Ouvia hoje uma moça que estudou a carreira de Nara Leão e montou um espetáculo sobre a intérprete. Já passei em bares do Rio Vermelho onde jovens se divertiam ao som de um belo chorinho. Música de qualidade, brasileiríssima, fiel às nossas raízes, mas um oásis em meio à baixaria que ainda não reina, mas tumultua.

No Natal, percebi o “rei” Roberto Carlos um tanto incomodado, sem graça diante da apresentação do convidado Exaltasamba em seu especial de fim de ano. A banda, sem a menor reverência à Sua Majestade, entoou a apelativa música que chama a uma “fugidinha”. Era para ser um dueto, mas Roberto não cantou, apenas corou.
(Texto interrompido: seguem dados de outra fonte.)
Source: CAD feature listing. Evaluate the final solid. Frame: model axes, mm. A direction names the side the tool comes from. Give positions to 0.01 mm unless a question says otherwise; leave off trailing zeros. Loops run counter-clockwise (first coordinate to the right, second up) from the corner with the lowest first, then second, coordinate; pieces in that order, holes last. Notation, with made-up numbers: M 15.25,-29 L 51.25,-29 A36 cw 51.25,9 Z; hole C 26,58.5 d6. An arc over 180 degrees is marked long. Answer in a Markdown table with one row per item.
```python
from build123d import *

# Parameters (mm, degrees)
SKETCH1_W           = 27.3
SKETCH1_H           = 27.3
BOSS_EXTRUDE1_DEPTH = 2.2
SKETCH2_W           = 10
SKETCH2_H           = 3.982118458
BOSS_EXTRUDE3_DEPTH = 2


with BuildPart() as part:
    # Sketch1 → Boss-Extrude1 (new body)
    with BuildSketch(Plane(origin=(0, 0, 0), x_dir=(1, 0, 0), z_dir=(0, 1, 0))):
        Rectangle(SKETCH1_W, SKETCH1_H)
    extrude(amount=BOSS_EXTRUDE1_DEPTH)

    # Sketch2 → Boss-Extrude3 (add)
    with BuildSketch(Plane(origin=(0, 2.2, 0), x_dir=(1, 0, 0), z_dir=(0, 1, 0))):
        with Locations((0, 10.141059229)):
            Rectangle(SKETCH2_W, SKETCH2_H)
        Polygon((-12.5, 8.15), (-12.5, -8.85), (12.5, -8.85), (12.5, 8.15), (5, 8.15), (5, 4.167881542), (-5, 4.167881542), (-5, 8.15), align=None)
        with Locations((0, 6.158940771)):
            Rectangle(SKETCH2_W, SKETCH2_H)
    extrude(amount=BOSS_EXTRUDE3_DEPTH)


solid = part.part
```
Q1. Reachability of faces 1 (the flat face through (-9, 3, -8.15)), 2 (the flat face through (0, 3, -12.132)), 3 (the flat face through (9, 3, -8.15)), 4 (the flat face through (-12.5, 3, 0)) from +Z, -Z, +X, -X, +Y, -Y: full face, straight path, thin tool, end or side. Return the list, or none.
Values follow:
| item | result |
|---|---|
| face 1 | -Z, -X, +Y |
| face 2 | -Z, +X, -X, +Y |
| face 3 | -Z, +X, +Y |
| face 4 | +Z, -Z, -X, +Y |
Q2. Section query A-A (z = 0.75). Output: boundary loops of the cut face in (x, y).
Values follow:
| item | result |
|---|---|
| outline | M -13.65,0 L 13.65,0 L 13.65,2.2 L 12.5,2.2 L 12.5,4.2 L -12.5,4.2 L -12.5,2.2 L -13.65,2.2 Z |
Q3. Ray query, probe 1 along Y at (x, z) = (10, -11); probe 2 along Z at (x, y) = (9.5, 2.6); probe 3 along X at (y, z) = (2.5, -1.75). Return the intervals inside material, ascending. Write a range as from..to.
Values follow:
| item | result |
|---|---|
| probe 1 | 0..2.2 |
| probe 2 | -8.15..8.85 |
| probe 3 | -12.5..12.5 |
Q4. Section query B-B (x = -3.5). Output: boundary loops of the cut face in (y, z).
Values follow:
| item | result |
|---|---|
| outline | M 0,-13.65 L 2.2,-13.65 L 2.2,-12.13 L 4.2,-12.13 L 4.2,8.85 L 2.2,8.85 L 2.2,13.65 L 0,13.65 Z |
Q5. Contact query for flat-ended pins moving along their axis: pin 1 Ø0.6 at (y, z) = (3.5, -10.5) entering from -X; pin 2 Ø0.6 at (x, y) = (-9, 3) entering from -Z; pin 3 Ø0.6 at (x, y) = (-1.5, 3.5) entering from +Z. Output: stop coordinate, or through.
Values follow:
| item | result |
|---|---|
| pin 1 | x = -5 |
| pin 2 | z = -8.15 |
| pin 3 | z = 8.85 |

Não serve de consolo, mas a fuleiragem não é monopólio baiano. Está no funk carioca e nas músicas americanas que agridem os ouvidos e o ser humano, fazendo imerecido sucesso junto a pessoas que não se dispõem a refletir sobre o que ouvem. A música não é de pobre, como insinuou um defensor do estilo, mas serve para estigmatizar, humilhar, diminuir, ridicularizar e achincalhar exatamente o pobre.

Só ouve esse tipo de lixo quem ainda não teve acesso à boa música, aquela que faz bem ao espírito, que alegra e garante a festa, porém com criatividade, sutileza, inteligência. Mas nunca é tarde para procurar saber o que é bom, abandonando essas coisas que dizem ser de duplo sentido, mas não têm sentido algum.

Por isso tive grande satisfação ao ler o artigo de Daniel Thame publicado no PIMENTA (confira). Até porque, assim como o amigo, este escriba também foi submetido a uma tortura mental ao tentar passar alguns dias em confraternização familiar em um condomínio praiano na zona norte de Ilhéus. Acabei adoecendo e tenho certeza de que os sintomas da virose foram agravados pelo repertório que tocava na rua e em casas vizinhas, a um volume tão indecoroso quanto as letras das porcarias.

Estou plenamente convencido de que esse lixo, além de incomodar, também faz mal à saúde.

Ricardo Ribeiro é um dos blogueiros do PIMENTA e também escreve no Política Etc.